Hasil Pencarian  ::  Simpan CSV :: Kembali

Hasil Pencarian

Ditemukan 3 dokumen yang sesuai dengan query
cover
Pakpahan, Muchtar
"Suku Batak adalah salah satu suku yang mendiami Pulau Sumatera. Secara geografis, suku Batak diapit oleh.suku Aceh di sebelah Utara, dan Minangkabau di sebelah Selatan. Menurut sejarah, asal-usul suku Batak berasal dari India. Namun belum ada penelitian Anthropologi yang mendalam mengenai kedatangan orang Batak pertama ke Sumatera.

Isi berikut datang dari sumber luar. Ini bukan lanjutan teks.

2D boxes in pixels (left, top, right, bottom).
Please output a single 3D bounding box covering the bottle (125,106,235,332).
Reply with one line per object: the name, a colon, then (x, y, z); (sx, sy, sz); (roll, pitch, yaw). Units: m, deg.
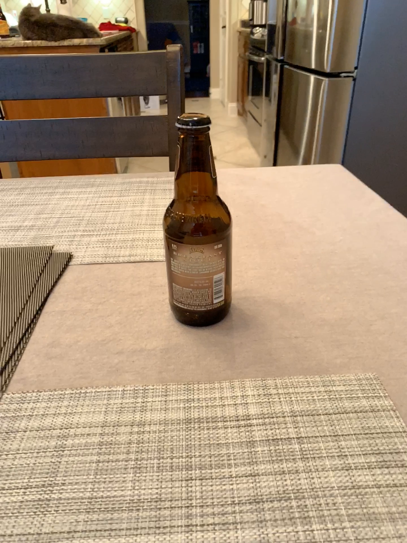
bottle: (-0.013, -0.045, 0.385); (0.080, 0.189, 0.080); (-1, 31, 1)
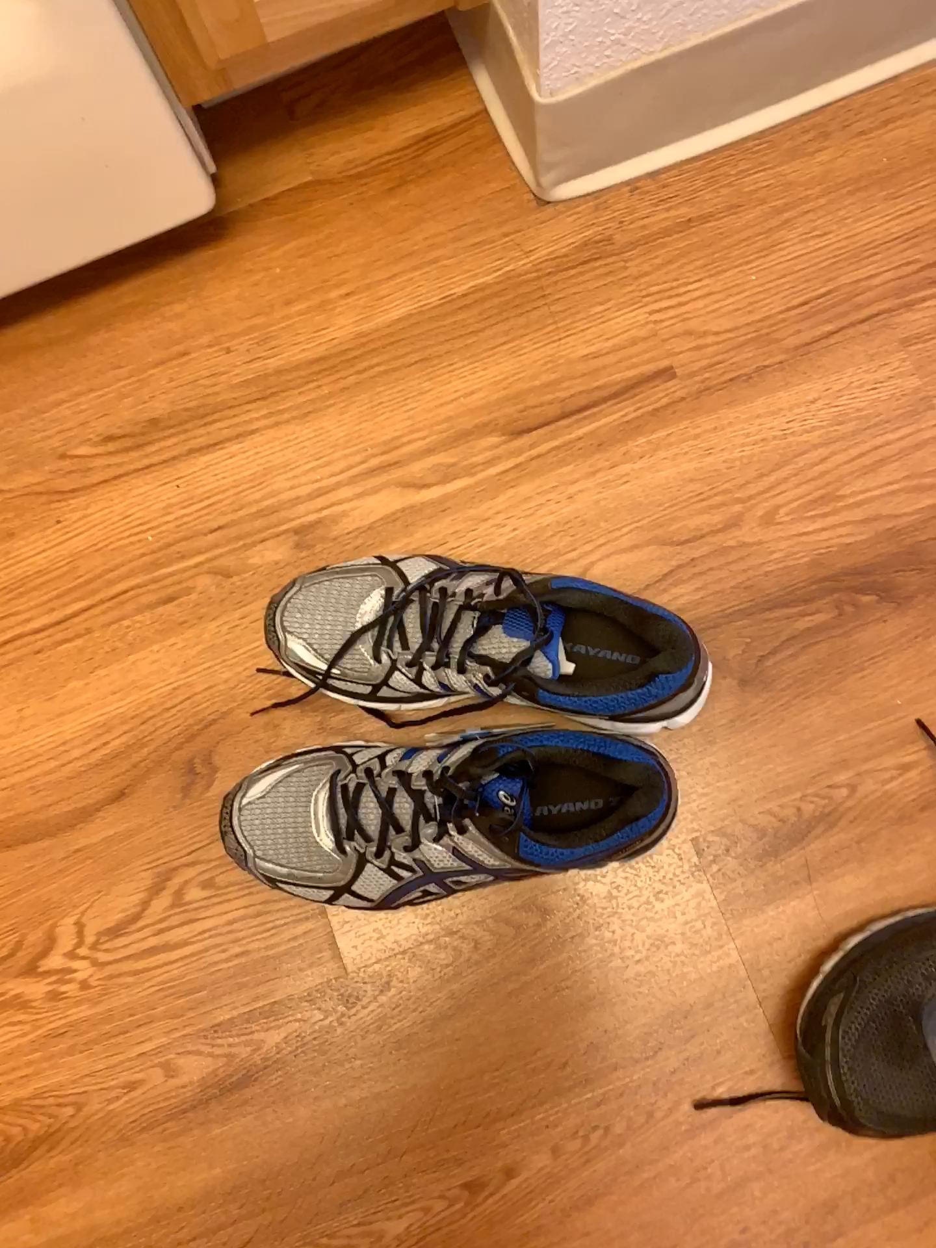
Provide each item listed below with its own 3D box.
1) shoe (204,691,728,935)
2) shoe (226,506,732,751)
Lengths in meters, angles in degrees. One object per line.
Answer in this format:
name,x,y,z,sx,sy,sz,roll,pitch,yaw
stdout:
shoe,-0.002,0.121,0.608,0.290,0.130,0.110,-6,77,4
shoe,0.011,0.007,0.611,0.280,0.130,0.110,5,78,7

Keadaan sekarang ini, daerah asal tempat tinggal suku Batak di Sumatera, berada di wilayah dataran tinggi pada ketinggian 500 meter di atas permukaan laut. Pusat-pusat asal tempat tinggal itu secara geografis terletak di Propinsi Daerah tingkat I Sumatera Utara, di Kabupaten Daerah tingkat II: Tanah Karo, Simalungun, Dairi, Tapanuli Utara, Tapanuli Tengah, dan Tapanuli Selatan.
Suku Batak masih dapat dikelompokkan ke dalam beberapa sub-suku. Ada penulis yang mengklasifikasikan suku Batak terdiri dari: Karo, Simalungun, Pakpak, Sipirok-Mandailing, dan Toba. Yang tergolong ke dalam pendapat ini adalah J.C. Vergouwen dan Heiman Billy Situmorang. Kelompok penulis lain berpendapat, selain yang disebutkan tadi (Karo, Simalungun, Pakpak, Sipirok-Mandailing, dan Toba), masih ikut tergolong ke dalamnya Gayo-Alas yang berdiam di Propinsi Aceh. Yang tergolong ke dalam pendapat ini adalah Batara Sangti dan Nalom Siahaan.

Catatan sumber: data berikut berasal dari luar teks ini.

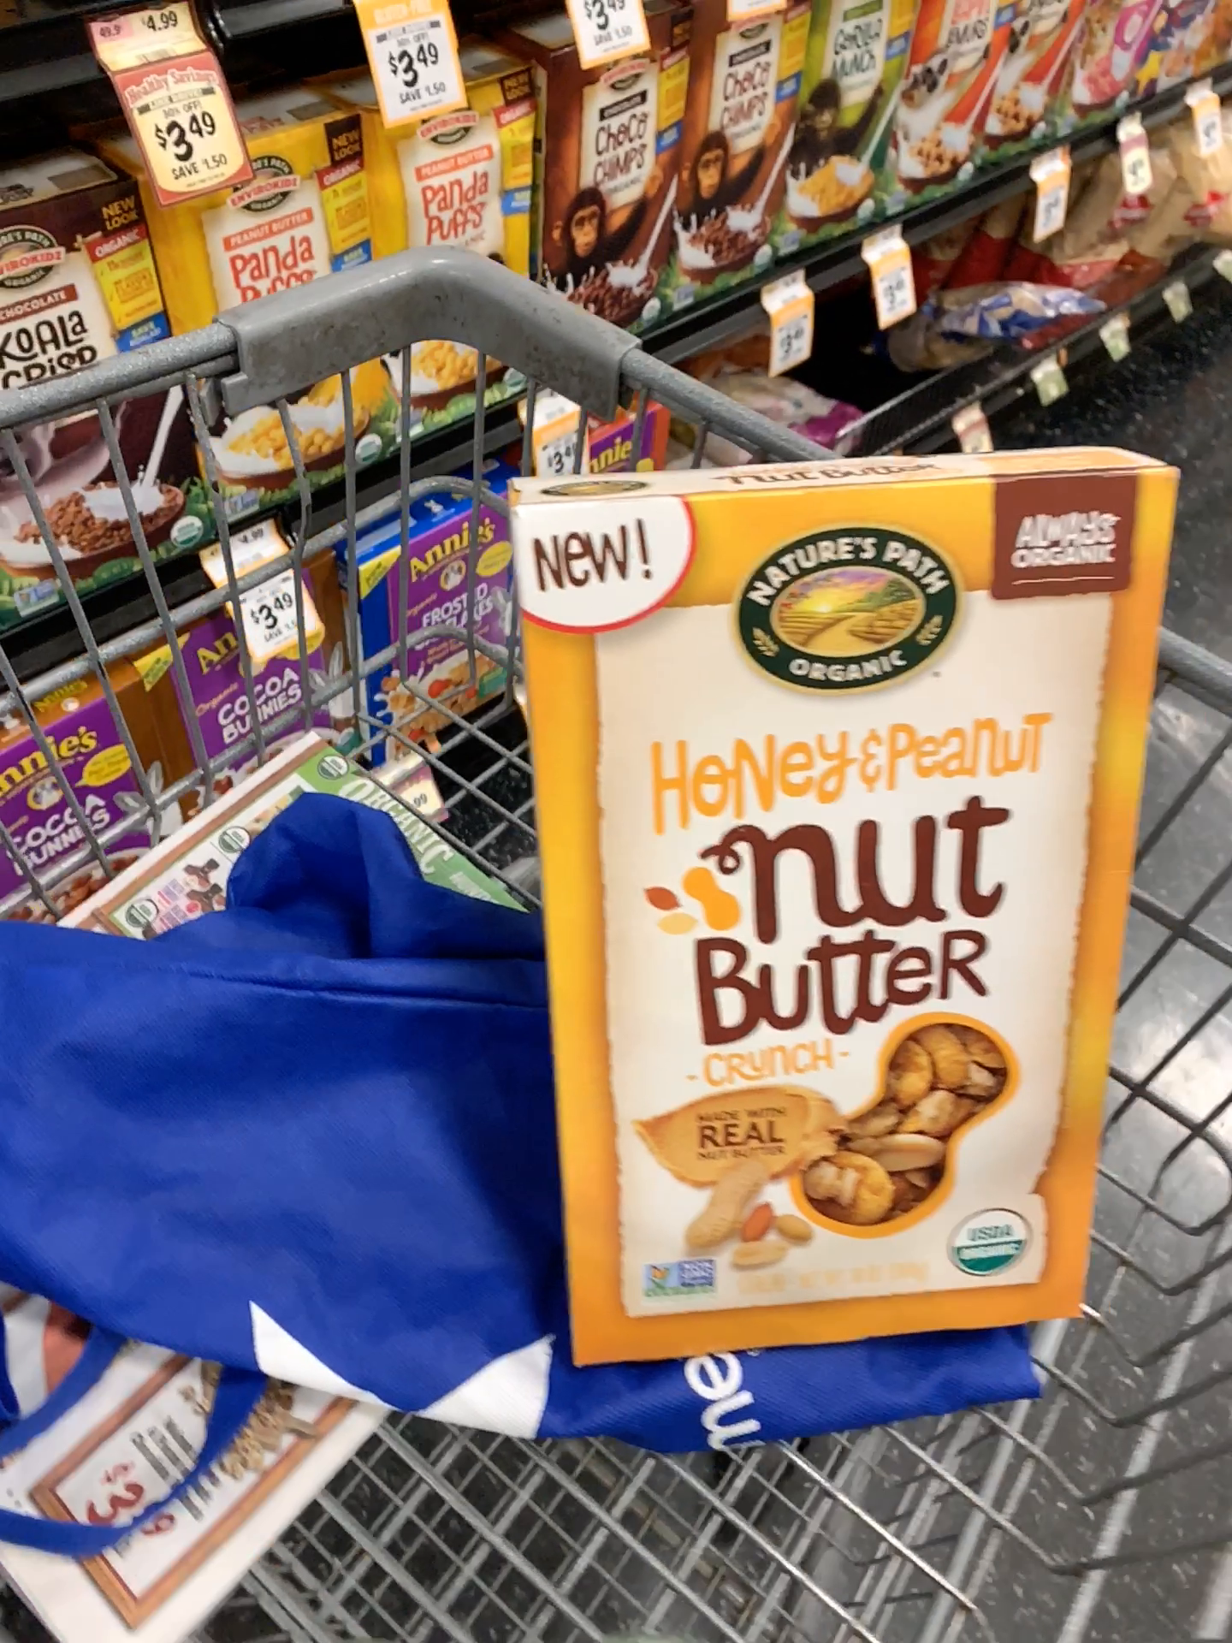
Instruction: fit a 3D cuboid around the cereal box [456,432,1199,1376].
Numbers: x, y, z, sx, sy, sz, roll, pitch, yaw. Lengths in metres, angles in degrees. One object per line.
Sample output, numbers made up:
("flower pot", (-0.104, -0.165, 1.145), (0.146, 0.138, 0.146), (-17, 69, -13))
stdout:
("cereal box", (0.050, 0.028, 0.336), (0.160, 0.239, 0.050), (-4, 22, -4))

Dalam tesis ini penulis lebih condong kepada penggolongan yang dilakukan aleh J.C. Vergouwen dan Billy Situmorang. Sebab adat dan falsafah Gayo-Alas lebih banyak perbedaannya daripada persamaannya dibandingkan dengan kelima sub-suku Batak lainnya. Misalnya sistem kekeluargaan Gayo-Alas lebih dekat pada sistem parental (patrimatri lineal), sedangkan kekeluargaan Batak adalah sistem patrilineal. Kekerabatan masyarakat Batak diikat oleh falsafah dalihan na tolu, sedangkan pada masyarakat Gayo-Alas, hal ini tidak terlihat begitu tegas. Ada yang memakai dalihan na tolu dan ada yang tidak.

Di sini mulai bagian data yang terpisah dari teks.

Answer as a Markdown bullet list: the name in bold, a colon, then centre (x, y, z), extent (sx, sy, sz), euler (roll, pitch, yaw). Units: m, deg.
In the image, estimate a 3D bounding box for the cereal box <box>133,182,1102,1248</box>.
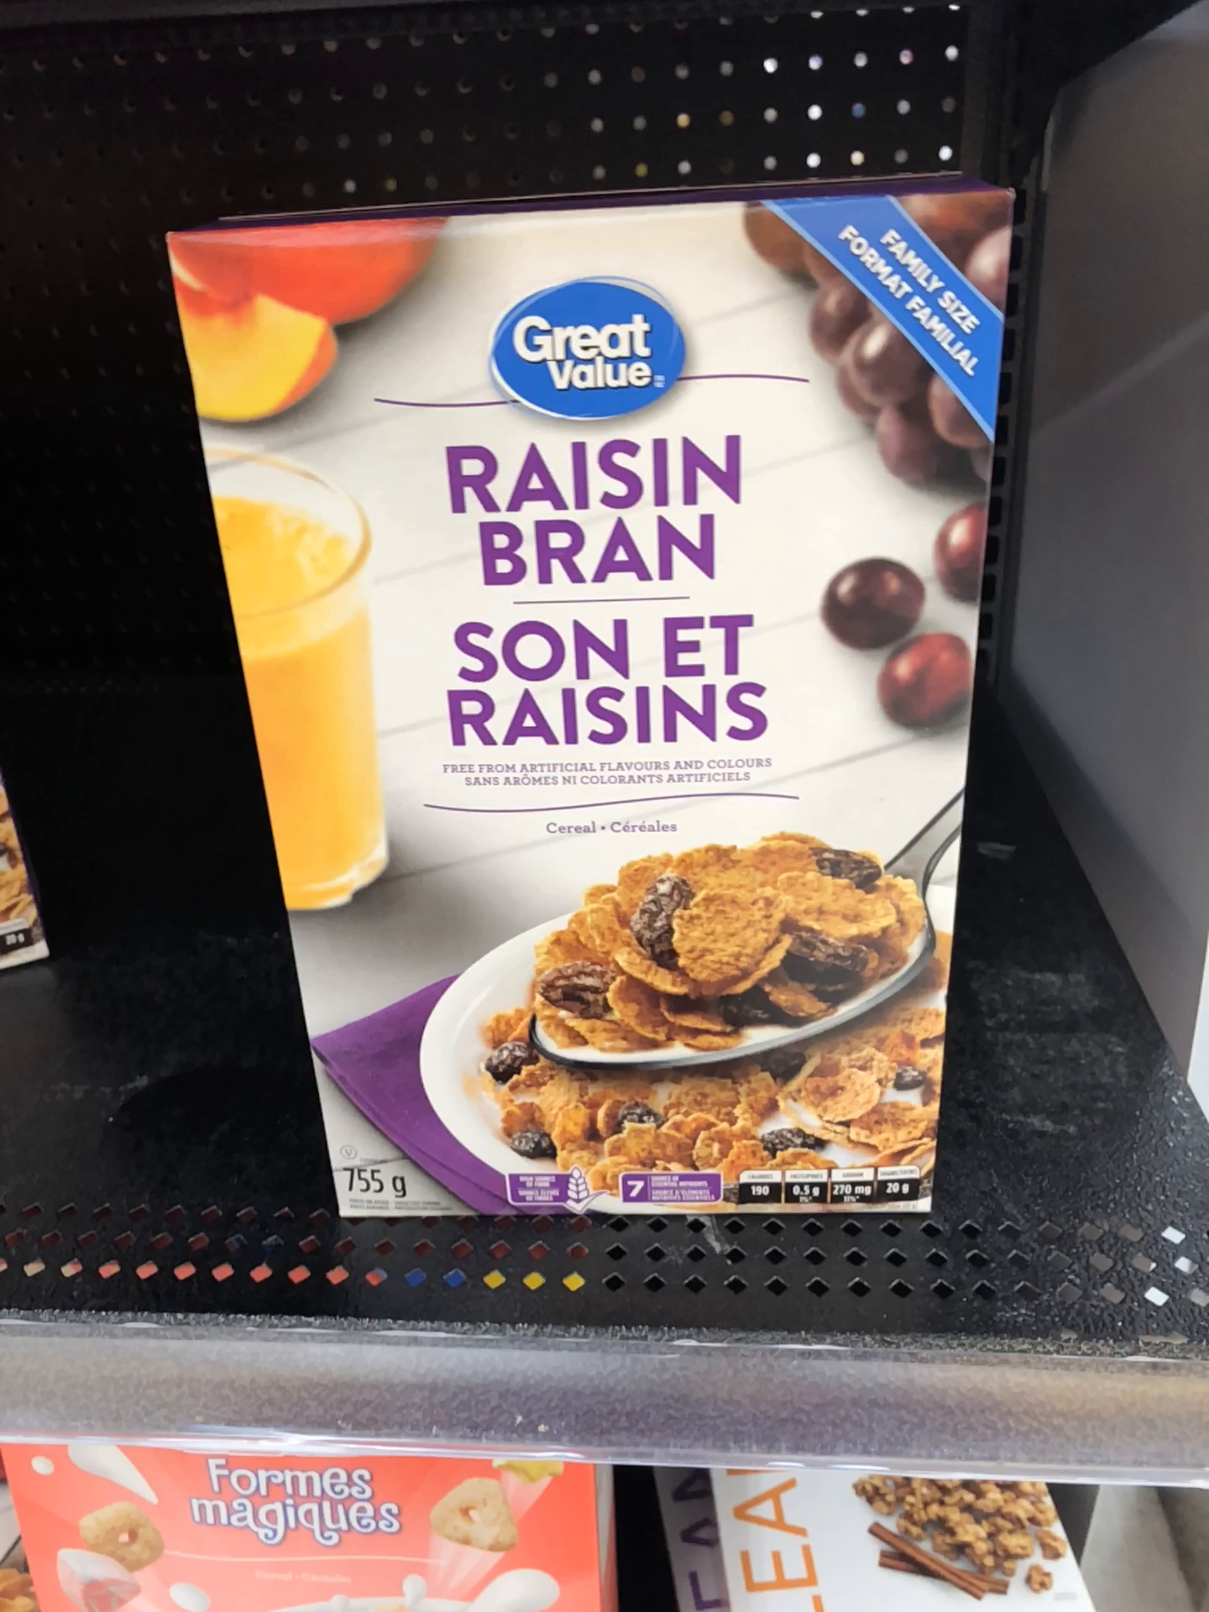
- **cereal box**: centre (0.008, -0.011, 0.390), extent (0.210, 0.299, 0.070), euler (-1, 27, 2)

Berkaitan dengan masalah pemerintahan, memang terdapat perbedaan yang nyata di antara kelima sub-suku di atas. Misalnya saja antara Toba dengan Simalungun. Pada Batak Toba, manusia itu dipandang sama. Semua orang memiliki hak dan kewajiban adat yang sama. Konsep pemilikan tanah pada masyarakat Toba adalah hak ulayat, dan semua warga dipandang berstatus sama-sama raja. Sedangkan pada Batak Simalungun adalah sebaliknya. Manusia dipandang mempunyai kelas yang berbeda, ada kelas raja yang memerintah dan ada kelas rakyat yang diperintah. Suatu wilayah kerajaan dipandang sebagai milik raja, sehingga orang yang berdiam di wilayah itu adalah rakyat yang mengerjakan milik raja tersebut. Raja memiliki sebuah Istana untuk menjalankan kekuasaannya. Situasi ini mirip dengan sistem pemerintahan kerajaan di Jawa. Simalungun di masa lampau terdiri dari beberapa kerajaan."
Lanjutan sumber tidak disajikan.